When you handle objects, your eyes are only responsible for part of the dexterity that keeps you from dropping or damaging them. The rest depends on your sense of touch, and your brain is able to merge the information from both senses in order to learn how best to grasp a specific item. Robots struggle with that process because they often rely solely on visuals, or even just explicitly programmed routines. FAMULA self-learning robot hands mimic the way our own hands work in order to make robots like Floka more versatile.
Floka is composed of a pair of industrial robotic arms, a head with moving eyes, and the FAMULA hands developed by a team at Germany’s Bielefeld University Cluster of Excellence Cognitive Interaction Technology (CITEC).

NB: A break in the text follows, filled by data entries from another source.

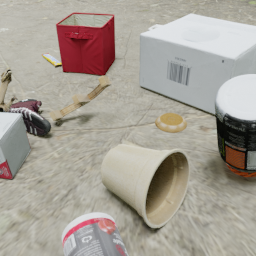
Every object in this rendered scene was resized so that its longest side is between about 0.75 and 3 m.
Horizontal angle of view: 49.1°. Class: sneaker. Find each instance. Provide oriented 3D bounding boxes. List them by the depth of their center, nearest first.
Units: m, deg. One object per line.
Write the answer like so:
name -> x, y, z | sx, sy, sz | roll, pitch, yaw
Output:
sneaker -> -2.508, -0.427, 7.455 | 1.767, 0.668, 1.020 | 18, 37, 25

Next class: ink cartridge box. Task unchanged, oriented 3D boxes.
ink cartridge box -> -3.063, 0.333, 6.030 | 1.438, 1.045, 1.040 | 4, 37, 7

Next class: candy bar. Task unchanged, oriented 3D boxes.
candy bar -> -2.999, -2.684, 11.016 | 0.344, 0.153, 1.378 | -23, 42, -29

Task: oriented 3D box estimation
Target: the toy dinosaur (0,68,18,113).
toy dinosaur -> -3.637, -0.384, 7.095 | 2.495, 0.726, 1.262 | -40, 64, -1

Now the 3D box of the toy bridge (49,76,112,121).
toy bridge -> -1.194, -0.740, 7.235 | 1.896, 0.258, 0.637 | -31, -3, 22

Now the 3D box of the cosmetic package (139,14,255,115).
cosmetic package -> 2.408, -2.174, 8.838 | 2.967, 1.830, 2.976 | 27, 46, 32

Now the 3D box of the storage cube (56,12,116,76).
storage cube -> -1.430, -3.102, 10.240 | 1.651, 1.736, 1.932 | 7, 35, 10

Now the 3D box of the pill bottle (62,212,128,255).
pill bottle -> -0.349, 2.033, 3.828 | 0.870, 0.870, 1.572 | -12, 39, -17

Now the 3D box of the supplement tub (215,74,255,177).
supplement tub -> 2.282, 0.050, 5.293 | 1.172, 1.914, 1.172 | -10, 48, 12

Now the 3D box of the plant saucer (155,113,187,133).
plant saucer -> 1.160, -0.184, 7.529 | 0.865, 0.153, 0.865 | 0, 36, 0

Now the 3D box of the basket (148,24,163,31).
basket -> 1.463, -4.159, 12.584 | 0.884, 0.711, 0.876 | 18, 40, 25

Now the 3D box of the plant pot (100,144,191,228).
plant pot -> 0.238, 0.905, 5.175 | 1.281, 1.399, 1.399 | 16, 37, 39

The hands each have five fingers, and have movement capability that is similar to a human’s. And, like a human, they can feel what they’re touching and then use that information to figure out the best way to hold any given item.

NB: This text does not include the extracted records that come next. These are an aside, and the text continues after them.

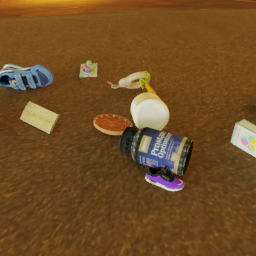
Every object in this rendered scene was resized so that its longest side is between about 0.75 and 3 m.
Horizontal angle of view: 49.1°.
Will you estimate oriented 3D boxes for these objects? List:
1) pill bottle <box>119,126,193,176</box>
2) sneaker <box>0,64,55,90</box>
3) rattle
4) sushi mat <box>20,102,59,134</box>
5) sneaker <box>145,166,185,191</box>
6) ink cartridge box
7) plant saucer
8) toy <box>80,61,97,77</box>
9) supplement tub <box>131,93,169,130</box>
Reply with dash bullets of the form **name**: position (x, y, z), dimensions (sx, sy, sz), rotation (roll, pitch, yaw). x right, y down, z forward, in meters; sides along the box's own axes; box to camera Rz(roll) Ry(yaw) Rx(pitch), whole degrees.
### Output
- **pill bottle**: position (0.898, 0.674, 9.144), dimensions (2.217, 1.240, 1.240), rotation (15, 38, 19)
- **sneaker**: position (-5.005, -2.393, 13.650), dimensions (2.962, 1.095, 1.218), rotation (3, 38, 16)
- **rattle**: position (0.183, -1.792, 13.258), dimensions (2.001, 1.429, 1.303), rotation (-15, 0, -9)
- **sushi mat**: position (-3.504, -0.434, 11.042), dimensions (1.702, 0.103, 0.814), rotation (23, 84, 25)
- **sneaker**: position (1.118, 1.490, 8.537), dimensions (1.241, 0.617, 0.431), rotation (13, 38, 18)
- **ink cartridge box**: position (4.479, 0.484, 9.730), dimensions (0.498, 0.872, 1.679), rotation (-23, 42, -29)
- **plant saucer**: position (-0.589, -0.122, 10.910), dimensions (1.507, 0.243, 1.507), rotation (9, 26, -4)
- **toy**: position (-2.184, -3.328, 15.485), dimensions (0.920, 0.377, 1.598), rotation (-3, 36, -3)
- **supplement tub**: position (0.773, -0.635, 10.579), dimensions (1.279, 1.279, 1.760), rotation (-2, 18, -3)

Using tactile sensors build into the fingers, the FAMULA system can build a three-dimensional point cloud model of whatever it’s touching so that it knows the exact size and shape. It can also use those sensors to determine how much pressure it’s putting on an object. It can detect if something is slipping from its grasp, and then use more pressure as necessary. The system has a lot of potential for general purpose robots that need to interact with unknown objects, such as household robots that have to be able to handle whatever you happen to have in your home.